A Fraude da ‘Farinha da Felicidade’: Como a indústria do ‘bem-estar’ vende pó de serra a preço de ouro e explora a esperança dos aflitos – Noticiário 24H
Em um país onde a educação nutricional é precária e a busca pelo emagrecimento rápido é uma obsessão nacional, a ascensão da “farinha da felicidade” era inevitável. Vendida em lojas de produtos naturais e promovida por influenciadores como a solução milagrosa para a perda de peso, o mau humor e a “desinflamação”, esta mistura de fibras e sementes é o mais recente e perfeito exemplo de como a indústria do “bem-estar” explora a esperança e a desinformação para vender, na prática, pó de serra a preço de ouro.
A promessa é sedutora: uma colher por dia para resolver todos os seus problemas. A composição, geralmente uma mistura de farinhas de aveia, banana verde, fibra de maçã, gérmen de trigo e gergelim, não tem nada de revolucionário. São ingredientes saudáveis, ricos em fibras, que podem, de fato, auxiliar no funcionamento do intestino e na sensação de saciedade. O problema não está nos ingredientes, mas na mentira que se constrói em torno deles.
A narrativa da “farinha da felicidade” é um ataque à lógica e à ciência. Nenhum alimento, por mais nutritivo que seja, pode “acelerar o metabolismo” ou “promover emagrecimento fácil e rápido”. A perda de peso sustentável é, e sempre será, o resultado de um princípio matemático simples e inegociável: o déficit calórico, ou seja, gastar mais energia do que se consome. Qualquer promessa que ignore essa lei fundamental é charlatanismo.

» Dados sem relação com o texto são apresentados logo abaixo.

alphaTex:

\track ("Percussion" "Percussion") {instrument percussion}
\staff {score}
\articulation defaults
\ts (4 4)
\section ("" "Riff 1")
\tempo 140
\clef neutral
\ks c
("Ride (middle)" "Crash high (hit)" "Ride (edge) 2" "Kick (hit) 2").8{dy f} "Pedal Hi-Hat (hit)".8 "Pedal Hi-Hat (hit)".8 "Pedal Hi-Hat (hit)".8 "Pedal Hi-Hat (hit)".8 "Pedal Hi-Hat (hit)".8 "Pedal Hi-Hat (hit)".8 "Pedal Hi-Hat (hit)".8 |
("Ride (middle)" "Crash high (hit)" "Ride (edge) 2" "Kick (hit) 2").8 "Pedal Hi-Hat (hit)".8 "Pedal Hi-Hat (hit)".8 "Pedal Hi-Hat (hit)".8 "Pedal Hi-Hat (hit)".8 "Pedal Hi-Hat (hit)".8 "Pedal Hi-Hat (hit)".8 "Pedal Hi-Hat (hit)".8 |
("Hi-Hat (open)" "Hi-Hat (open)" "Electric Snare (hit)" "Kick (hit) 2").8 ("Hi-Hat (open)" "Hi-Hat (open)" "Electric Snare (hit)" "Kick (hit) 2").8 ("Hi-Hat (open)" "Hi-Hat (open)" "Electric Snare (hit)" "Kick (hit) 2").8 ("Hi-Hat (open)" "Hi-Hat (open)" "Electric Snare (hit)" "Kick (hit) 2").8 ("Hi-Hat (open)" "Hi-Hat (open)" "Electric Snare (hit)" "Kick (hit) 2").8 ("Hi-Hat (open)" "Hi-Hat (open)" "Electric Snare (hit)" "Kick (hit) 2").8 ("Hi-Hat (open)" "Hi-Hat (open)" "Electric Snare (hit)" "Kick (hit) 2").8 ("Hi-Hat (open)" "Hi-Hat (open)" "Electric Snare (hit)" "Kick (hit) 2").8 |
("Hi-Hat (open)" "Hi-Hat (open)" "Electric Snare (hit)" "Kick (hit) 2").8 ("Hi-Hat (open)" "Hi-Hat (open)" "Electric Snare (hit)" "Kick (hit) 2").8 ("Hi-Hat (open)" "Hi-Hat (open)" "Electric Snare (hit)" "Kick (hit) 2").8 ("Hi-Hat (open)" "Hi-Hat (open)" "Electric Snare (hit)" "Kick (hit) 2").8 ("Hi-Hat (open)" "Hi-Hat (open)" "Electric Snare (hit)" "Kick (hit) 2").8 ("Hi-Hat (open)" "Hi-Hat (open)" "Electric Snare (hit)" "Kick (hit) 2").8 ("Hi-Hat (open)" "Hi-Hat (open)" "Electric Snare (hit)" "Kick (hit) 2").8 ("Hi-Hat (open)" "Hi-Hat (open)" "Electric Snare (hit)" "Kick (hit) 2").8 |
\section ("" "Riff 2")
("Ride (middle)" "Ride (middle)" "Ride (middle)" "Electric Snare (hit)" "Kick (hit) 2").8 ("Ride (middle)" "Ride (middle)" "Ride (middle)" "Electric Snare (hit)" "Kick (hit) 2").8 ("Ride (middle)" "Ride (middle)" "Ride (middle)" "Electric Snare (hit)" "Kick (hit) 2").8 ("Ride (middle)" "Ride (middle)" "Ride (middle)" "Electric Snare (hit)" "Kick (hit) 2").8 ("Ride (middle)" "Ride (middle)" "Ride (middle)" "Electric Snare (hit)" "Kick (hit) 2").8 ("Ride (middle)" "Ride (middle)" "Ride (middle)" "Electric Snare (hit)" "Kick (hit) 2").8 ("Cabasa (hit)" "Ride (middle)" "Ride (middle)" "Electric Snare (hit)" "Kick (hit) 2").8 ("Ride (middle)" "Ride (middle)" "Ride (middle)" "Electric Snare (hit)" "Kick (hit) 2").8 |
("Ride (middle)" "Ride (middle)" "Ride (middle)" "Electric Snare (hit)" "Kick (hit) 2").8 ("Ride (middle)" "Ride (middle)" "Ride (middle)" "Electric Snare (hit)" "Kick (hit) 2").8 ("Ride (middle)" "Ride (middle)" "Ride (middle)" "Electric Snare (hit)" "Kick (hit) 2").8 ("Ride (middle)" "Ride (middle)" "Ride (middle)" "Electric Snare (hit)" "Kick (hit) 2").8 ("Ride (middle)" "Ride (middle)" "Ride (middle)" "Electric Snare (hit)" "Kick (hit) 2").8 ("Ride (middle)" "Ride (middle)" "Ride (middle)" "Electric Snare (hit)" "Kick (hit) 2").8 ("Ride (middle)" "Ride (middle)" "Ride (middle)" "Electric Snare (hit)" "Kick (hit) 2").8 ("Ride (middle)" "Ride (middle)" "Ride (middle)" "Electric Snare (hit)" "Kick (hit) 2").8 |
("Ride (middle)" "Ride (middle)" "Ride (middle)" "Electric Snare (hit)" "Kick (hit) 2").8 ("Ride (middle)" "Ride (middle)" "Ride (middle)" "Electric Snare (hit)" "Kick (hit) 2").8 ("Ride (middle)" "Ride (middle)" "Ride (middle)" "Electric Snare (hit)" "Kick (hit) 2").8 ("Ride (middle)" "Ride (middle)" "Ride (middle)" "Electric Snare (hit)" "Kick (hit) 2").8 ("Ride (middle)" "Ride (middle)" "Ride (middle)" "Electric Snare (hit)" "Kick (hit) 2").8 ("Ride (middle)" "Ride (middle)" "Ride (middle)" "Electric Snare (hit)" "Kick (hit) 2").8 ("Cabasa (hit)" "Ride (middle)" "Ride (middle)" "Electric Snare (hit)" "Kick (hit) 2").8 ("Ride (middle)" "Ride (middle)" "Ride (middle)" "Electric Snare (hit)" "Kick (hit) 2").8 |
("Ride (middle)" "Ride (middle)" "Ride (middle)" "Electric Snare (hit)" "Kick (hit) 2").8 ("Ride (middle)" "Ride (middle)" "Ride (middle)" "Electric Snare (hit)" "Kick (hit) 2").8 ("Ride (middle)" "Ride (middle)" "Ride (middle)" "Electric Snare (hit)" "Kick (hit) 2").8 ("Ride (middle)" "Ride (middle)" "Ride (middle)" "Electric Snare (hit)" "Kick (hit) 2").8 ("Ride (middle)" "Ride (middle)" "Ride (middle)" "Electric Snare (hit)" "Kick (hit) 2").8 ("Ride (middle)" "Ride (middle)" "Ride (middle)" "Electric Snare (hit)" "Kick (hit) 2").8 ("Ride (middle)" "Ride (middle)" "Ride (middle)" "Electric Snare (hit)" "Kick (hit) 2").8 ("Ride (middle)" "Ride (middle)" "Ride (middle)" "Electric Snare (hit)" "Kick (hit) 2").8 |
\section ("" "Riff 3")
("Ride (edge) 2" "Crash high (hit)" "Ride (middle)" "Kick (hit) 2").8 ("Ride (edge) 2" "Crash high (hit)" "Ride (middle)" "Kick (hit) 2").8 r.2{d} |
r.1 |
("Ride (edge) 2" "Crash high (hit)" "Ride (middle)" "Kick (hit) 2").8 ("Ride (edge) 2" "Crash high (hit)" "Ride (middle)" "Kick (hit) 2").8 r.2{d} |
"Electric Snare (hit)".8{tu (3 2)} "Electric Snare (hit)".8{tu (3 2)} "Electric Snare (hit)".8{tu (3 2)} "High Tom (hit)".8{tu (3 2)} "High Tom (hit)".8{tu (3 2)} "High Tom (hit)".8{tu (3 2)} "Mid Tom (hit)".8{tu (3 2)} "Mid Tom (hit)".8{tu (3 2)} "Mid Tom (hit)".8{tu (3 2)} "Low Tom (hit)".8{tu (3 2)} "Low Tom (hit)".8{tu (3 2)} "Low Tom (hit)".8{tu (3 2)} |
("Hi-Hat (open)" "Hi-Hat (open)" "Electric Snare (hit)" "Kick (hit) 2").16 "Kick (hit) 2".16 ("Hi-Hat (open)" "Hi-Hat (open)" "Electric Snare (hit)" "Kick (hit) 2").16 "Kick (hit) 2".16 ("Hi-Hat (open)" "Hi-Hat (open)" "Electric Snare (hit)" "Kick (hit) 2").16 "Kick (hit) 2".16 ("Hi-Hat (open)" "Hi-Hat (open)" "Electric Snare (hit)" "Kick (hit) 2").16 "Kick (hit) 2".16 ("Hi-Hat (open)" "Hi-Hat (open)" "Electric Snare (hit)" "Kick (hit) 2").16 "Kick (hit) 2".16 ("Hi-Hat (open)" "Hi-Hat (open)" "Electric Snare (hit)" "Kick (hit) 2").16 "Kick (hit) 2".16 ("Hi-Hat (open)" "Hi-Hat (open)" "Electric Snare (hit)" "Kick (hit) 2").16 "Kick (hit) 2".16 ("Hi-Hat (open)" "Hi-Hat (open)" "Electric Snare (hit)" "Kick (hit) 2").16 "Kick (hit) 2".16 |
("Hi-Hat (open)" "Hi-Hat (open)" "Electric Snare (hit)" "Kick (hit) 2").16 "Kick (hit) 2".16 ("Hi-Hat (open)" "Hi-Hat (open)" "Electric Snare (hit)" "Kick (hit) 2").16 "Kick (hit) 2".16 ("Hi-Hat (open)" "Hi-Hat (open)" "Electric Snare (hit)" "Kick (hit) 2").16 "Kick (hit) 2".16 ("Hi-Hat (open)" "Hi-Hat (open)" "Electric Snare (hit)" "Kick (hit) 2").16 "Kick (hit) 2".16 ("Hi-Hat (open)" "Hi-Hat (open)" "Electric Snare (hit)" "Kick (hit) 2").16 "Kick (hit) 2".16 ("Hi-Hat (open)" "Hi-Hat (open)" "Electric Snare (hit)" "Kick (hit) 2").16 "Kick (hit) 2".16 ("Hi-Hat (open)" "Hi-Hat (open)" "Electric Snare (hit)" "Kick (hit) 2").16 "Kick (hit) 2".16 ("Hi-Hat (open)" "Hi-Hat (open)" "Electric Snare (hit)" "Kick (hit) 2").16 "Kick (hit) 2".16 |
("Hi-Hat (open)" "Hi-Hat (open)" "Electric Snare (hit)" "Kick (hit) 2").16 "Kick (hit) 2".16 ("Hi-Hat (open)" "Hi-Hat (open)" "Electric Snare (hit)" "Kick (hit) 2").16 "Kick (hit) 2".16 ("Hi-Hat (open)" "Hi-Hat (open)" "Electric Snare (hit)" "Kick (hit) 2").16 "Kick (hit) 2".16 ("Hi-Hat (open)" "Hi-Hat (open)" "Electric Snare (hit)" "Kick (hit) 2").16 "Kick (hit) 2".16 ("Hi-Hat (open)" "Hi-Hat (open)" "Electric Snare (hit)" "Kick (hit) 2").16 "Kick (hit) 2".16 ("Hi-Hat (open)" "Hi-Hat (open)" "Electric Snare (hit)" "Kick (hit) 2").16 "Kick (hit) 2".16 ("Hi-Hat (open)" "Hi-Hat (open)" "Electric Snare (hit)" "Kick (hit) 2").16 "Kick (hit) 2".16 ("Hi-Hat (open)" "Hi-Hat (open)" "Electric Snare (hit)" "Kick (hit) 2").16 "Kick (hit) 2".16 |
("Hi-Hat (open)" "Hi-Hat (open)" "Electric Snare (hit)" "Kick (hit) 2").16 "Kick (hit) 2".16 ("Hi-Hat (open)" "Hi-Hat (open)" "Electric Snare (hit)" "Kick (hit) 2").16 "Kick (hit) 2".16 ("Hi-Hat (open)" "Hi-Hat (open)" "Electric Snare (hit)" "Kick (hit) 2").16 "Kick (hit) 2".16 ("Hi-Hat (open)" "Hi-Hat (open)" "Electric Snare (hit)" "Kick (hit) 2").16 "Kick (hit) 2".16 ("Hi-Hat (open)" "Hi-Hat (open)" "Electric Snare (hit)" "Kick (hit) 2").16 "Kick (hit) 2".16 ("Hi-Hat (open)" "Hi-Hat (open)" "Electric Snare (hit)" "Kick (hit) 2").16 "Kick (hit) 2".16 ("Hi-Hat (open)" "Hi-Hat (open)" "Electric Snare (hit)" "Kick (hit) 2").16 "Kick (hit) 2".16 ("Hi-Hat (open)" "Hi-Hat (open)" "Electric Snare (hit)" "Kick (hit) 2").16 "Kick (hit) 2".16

Nutricionistas e especialistas em saúde, que são convenientemente ignorados neste debate, alertam: não existe milagre. “A mistura pode ser um coadjuvante útil, mas não substitui refeição, nem dispensa atividade física ou orientação profissional”, afirma a nutricionista Michelle Lucas em reportagem da revista Ana Maria. O que a “farinha da felicidade” oferece, na melhor das hipóteses, é um efeito placebo e um aumento na ingestão de fibras — algo que poderia ser alcançado de forma muito mais barata comendo uma simples maçã ou uma porção de feijão.
Além da ineficácia para o emagrecimento milagroso, o consumo indiscriminado dessa mistura pode trazer riscos. O excesso de fibras sem a hidratação adequada pode causar desconforto intestinal, gases e até constipação. Ingredientes como o gérmen de trigo contêm glúten, um problema para celíacos, e outros, como a chia e a beterraba (presentes em algumas versões), são ricos em oxalatos, que podem favorecer a formação de cálculos renais em pessoas predispostas.
A popularidade da “farinha da felicidade” é um sintoma de uma sociedade doente, que busca em pós mágicos a solução para problemas complexos que exigem disciplina, esforço e, acima de tudo, responsabilidade individual. A indústria do “bem-estar”, ciente desse desespero, continuará a inventar novas misturas e novos nomes para vender o mesmo produto de sempre: a ilusão de um atalho que não existe.